A Comprehensive Review on RNA Subcellular Localization Prediction
Journal:
arXiv
Published Date:
Apr 24, 2025
Abstract
The subcellular localization of RNAs, including long non-coding RNAs
(lncRNAs), messenger RNAs (mRNAs), microRNAs (miRNAs) and other smaller RNAs,
plays a critical role in determining their biological functions. For instance,
lncRNAs are predominantly associated with chromatin and act as regulators of
gene transcription and chromatin structure, while mRNAs are distributed across
the nucleus and cytoplasm, facilitating the transport of genetic information
for protein synthesis. Understanding RNA localization sheds light on processes
like gene expression regulation with spatial and temporal precision. However,
traditional wet lab methods for determining RNA localization, such as in situ
hybridization, are often time-consuming, resource-demanding, and costly. To
overcome these challenges, computational methods leveraging artificial
intelligence (AI) and machine learning (ML) have emerged as powerful
alternatives, enabling large-scale prediction of RNA subcellular localization.

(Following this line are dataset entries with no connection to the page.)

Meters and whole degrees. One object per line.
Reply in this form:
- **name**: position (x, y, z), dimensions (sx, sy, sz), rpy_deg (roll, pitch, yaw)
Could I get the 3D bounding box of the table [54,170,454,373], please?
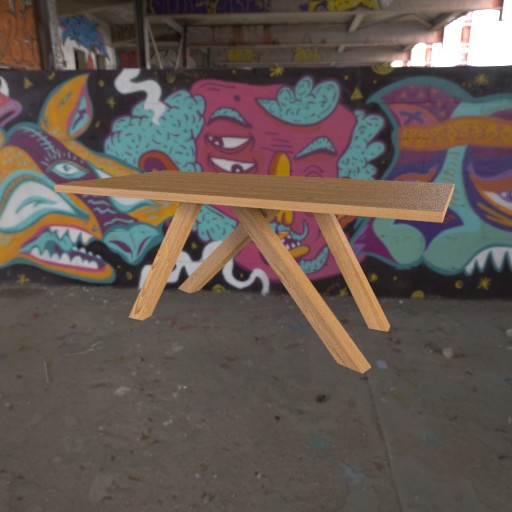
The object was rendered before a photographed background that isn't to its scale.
- **table**: position (0.000, 0.000, 2.326), dimensions (1.797, 0.750, 0.901), rpy_deg (7, 17, 24)
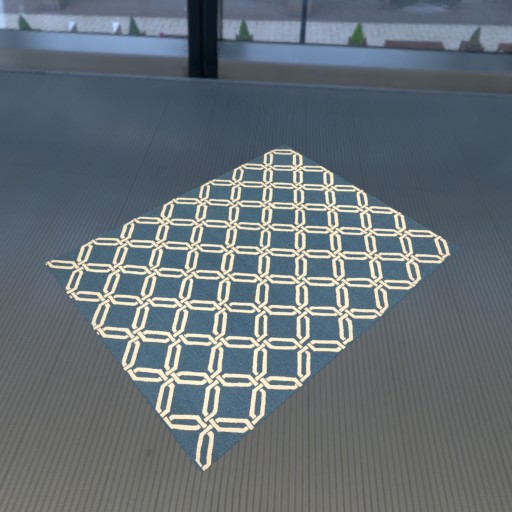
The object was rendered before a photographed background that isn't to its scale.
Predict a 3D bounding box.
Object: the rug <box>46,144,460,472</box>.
[{"bbox_3d":[0.000,0.000,3.887,2.867,0.020,2.277,-33,54,-27],"label":"rug"}]
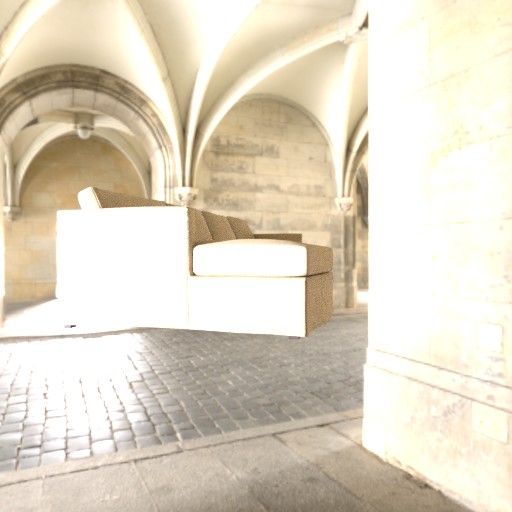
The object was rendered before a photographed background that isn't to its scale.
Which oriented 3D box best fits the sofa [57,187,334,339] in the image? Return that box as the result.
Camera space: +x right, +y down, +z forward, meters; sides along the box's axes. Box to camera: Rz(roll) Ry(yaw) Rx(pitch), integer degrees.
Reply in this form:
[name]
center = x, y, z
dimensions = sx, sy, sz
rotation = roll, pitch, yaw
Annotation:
[sofa]
center = 0.000, 0.000, 4.033
dimensions = 1.650, 0.922, 3.205
rotation = 0, 0, 18
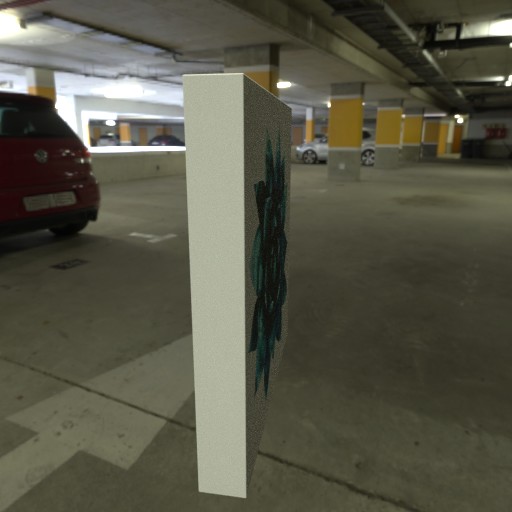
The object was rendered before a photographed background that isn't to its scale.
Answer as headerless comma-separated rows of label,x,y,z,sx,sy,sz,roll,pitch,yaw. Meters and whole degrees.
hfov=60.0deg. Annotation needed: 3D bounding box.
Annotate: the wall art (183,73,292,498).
wall art,0.000,0.000,0.450,0.038,0.305,0.305,3,15,10
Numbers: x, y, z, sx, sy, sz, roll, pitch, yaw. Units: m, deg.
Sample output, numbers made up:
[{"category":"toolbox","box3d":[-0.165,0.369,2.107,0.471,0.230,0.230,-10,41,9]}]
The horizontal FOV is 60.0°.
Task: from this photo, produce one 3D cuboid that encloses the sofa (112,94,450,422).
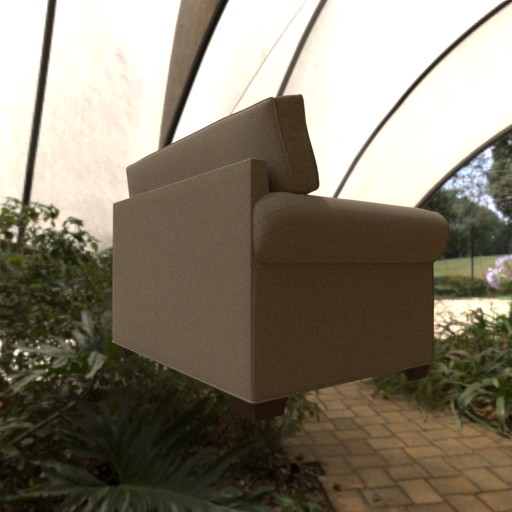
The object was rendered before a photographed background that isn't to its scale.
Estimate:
[{"category":"sofa","box3d":[0.000,0.000,2.061,0.937,1.006,1.405,1,-1,-36]}]
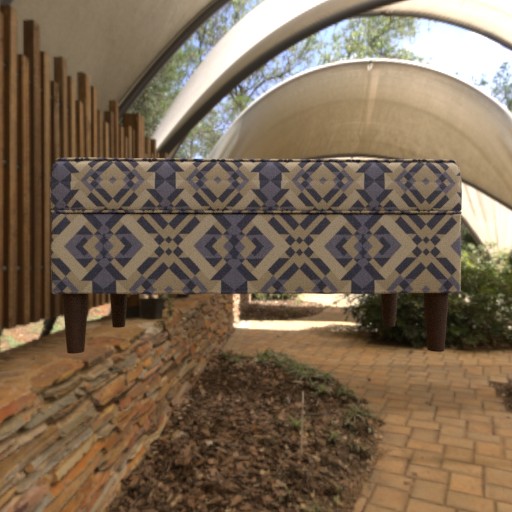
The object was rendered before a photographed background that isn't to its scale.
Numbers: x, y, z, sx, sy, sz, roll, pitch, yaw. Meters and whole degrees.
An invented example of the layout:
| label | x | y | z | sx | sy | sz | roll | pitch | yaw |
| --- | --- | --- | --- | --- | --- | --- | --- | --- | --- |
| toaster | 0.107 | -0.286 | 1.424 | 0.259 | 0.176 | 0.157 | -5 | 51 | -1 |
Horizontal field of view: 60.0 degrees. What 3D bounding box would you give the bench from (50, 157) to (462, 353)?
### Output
| label | x | y | z | sx | sy | sz | roll | pitch | yaw |
| --- | --- | --- | --- | --- | --- | --- | --- | --- | --- |
| bench | 0.000 | 0.000 | 1.307 | 1.016 | 0.477 | 0.492 | 0 | 1 | -1 |
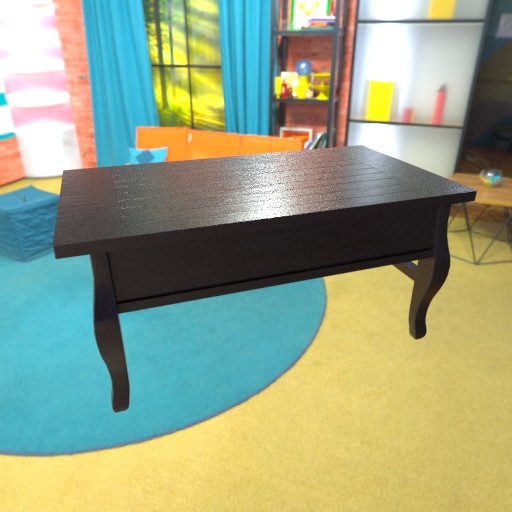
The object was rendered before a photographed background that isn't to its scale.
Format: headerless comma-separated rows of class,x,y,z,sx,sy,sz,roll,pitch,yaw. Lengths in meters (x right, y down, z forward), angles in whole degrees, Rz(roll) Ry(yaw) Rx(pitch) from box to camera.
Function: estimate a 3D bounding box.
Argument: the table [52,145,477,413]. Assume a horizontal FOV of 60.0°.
table,0.000,0.000,1.395,1.062,0.494,0.600,-9,28,-17
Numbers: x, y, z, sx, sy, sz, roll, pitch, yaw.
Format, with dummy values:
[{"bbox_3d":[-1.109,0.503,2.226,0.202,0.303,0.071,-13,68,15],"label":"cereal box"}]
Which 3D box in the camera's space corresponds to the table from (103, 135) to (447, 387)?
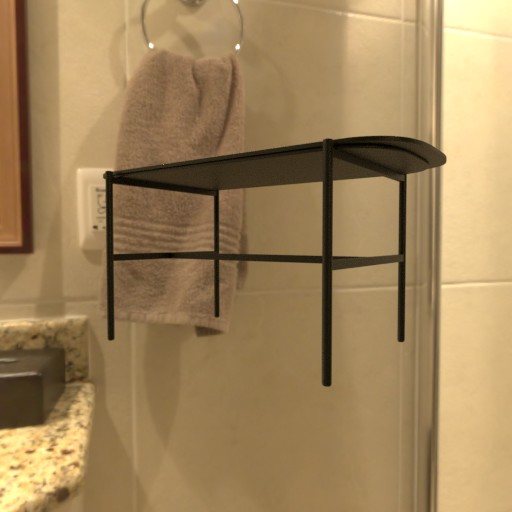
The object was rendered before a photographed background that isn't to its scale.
[{"bbox_3d":[0.000,0.000,1.033,0.800,0.400,0.400,1,3,36],"label":"table"}]
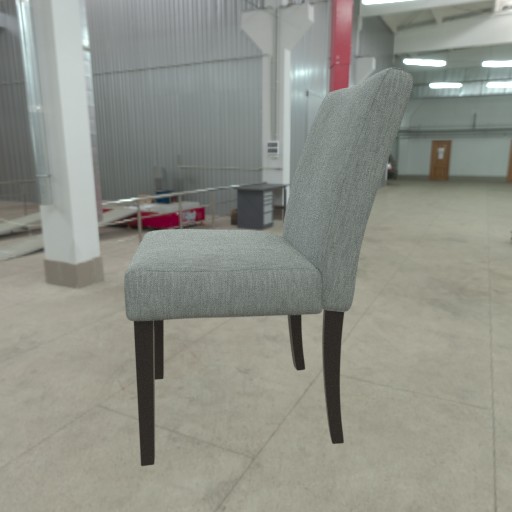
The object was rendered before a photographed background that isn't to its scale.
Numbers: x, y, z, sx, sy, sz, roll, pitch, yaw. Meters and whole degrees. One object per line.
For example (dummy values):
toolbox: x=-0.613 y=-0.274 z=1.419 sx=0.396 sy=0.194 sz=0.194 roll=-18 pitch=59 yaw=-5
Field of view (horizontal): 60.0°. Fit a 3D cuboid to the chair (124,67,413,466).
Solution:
chair: x=0.000 y=0.000 z=1.180 sx=0.629 sy=0.884 sz=0.487 roll=-2 pitch=13 yaw=-8
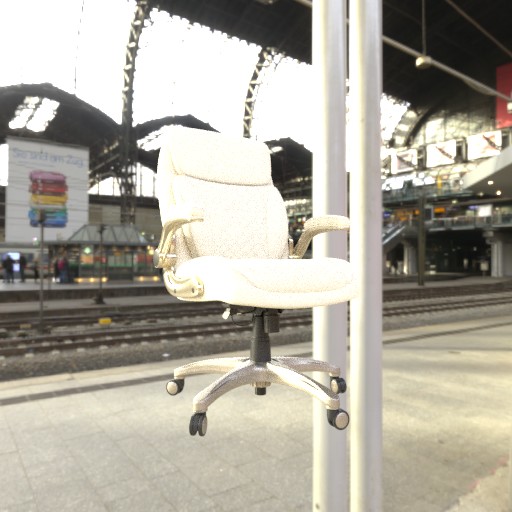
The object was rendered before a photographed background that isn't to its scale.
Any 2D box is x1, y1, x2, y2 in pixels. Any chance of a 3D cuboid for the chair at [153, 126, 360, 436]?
[{"bbox_3d":[0.000,0.000,1.691,0.740,1.110,0.794,1,-1,-36],"label":"chair"}]
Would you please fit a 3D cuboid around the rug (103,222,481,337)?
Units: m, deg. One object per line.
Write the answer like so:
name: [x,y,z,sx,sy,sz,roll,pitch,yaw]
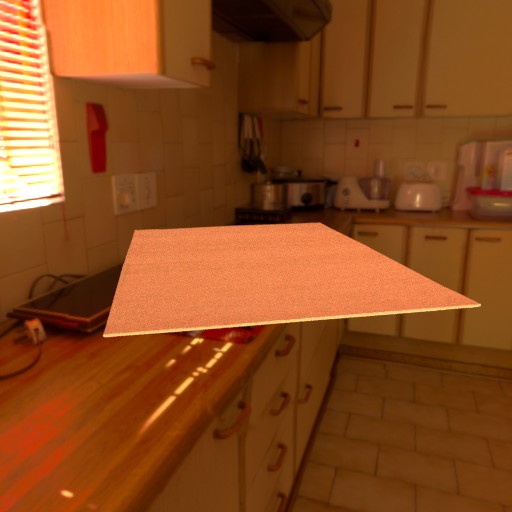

This paper provides a comprehensive review of the latest advancements in
AI-based approaches for RNA subcellular localization prediction, covering
various RNA types and focusing on sequence-based, image-based, and hybrid
methodologies that combine both data types. We highlight the potential of these
methods to accelerate RNA research, uncover molecular pathways, and guide
targeted disease treatments. Furthermore, we critically discuss the challenges
in AI/ML approaches for RNA subcellular localization, such as data scarcity and
lack of benchmarks, and opportunities to address them. This review aims to
serve as a valuable resource for researchers seeking to develop innovative
solutions in the field of RNA subcellular localization and beyond.